── INFORMATION SHOWN ──
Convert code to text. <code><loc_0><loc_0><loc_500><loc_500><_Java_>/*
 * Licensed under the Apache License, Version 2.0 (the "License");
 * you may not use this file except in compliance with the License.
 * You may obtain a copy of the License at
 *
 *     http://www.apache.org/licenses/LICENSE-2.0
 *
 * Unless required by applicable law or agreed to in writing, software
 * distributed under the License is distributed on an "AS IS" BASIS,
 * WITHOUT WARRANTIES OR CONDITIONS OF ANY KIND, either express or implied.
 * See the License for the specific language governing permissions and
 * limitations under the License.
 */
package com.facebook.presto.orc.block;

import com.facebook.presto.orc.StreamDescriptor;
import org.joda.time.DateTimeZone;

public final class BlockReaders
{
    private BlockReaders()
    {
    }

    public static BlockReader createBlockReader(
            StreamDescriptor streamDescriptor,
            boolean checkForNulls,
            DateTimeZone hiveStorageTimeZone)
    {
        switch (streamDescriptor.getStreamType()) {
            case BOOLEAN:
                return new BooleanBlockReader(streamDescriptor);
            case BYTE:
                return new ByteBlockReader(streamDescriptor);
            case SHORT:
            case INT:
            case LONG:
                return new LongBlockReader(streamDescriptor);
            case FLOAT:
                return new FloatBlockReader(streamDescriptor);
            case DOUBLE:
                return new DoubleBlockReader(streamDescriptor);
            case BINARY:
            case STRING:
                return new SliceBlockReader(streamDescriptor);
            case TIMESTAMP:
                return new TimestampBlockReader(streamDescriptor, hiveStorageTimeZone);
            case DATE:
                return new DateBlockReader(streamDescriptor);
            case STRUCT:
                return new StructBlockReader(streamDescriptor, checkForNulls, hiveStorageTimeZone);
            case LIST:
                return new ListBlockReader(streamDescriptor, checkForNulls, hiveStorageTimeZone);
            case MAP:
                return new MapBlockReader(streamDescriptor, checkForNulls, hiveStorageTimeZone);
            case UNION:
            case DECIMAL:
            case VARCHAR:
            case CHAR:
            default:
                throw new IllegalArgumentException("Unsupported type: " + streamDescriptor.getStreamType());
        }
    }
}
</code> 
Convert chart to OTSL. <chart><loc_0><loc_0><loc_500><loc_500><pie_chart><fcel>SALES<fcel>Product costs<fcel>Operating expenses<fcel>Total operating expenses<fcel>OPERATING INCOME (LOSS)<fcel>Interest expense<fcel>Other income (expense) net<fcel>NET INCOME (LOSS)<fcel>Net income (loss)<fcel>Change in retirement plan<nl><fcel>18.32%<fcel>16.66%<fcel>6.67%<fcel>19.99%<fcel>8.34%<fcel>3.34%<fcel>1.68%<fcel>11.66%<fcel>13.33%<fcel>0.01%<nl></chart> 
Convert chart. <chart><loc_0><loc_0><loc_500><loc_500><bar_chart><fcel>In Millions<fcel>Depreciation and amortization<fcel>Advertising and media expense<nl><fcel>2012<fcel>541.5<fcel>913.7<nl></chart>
───
▶ TASK STATEMENT
What lines in the entries contain "getStreamType"? Report each one by copying it.

▶ SOLVED PROBLEM
        switch (streamDescriptor.getStreamType()) {
                throw new IllegalArgumentException("Unsupported type: " + streamDescriptor.getStreamType());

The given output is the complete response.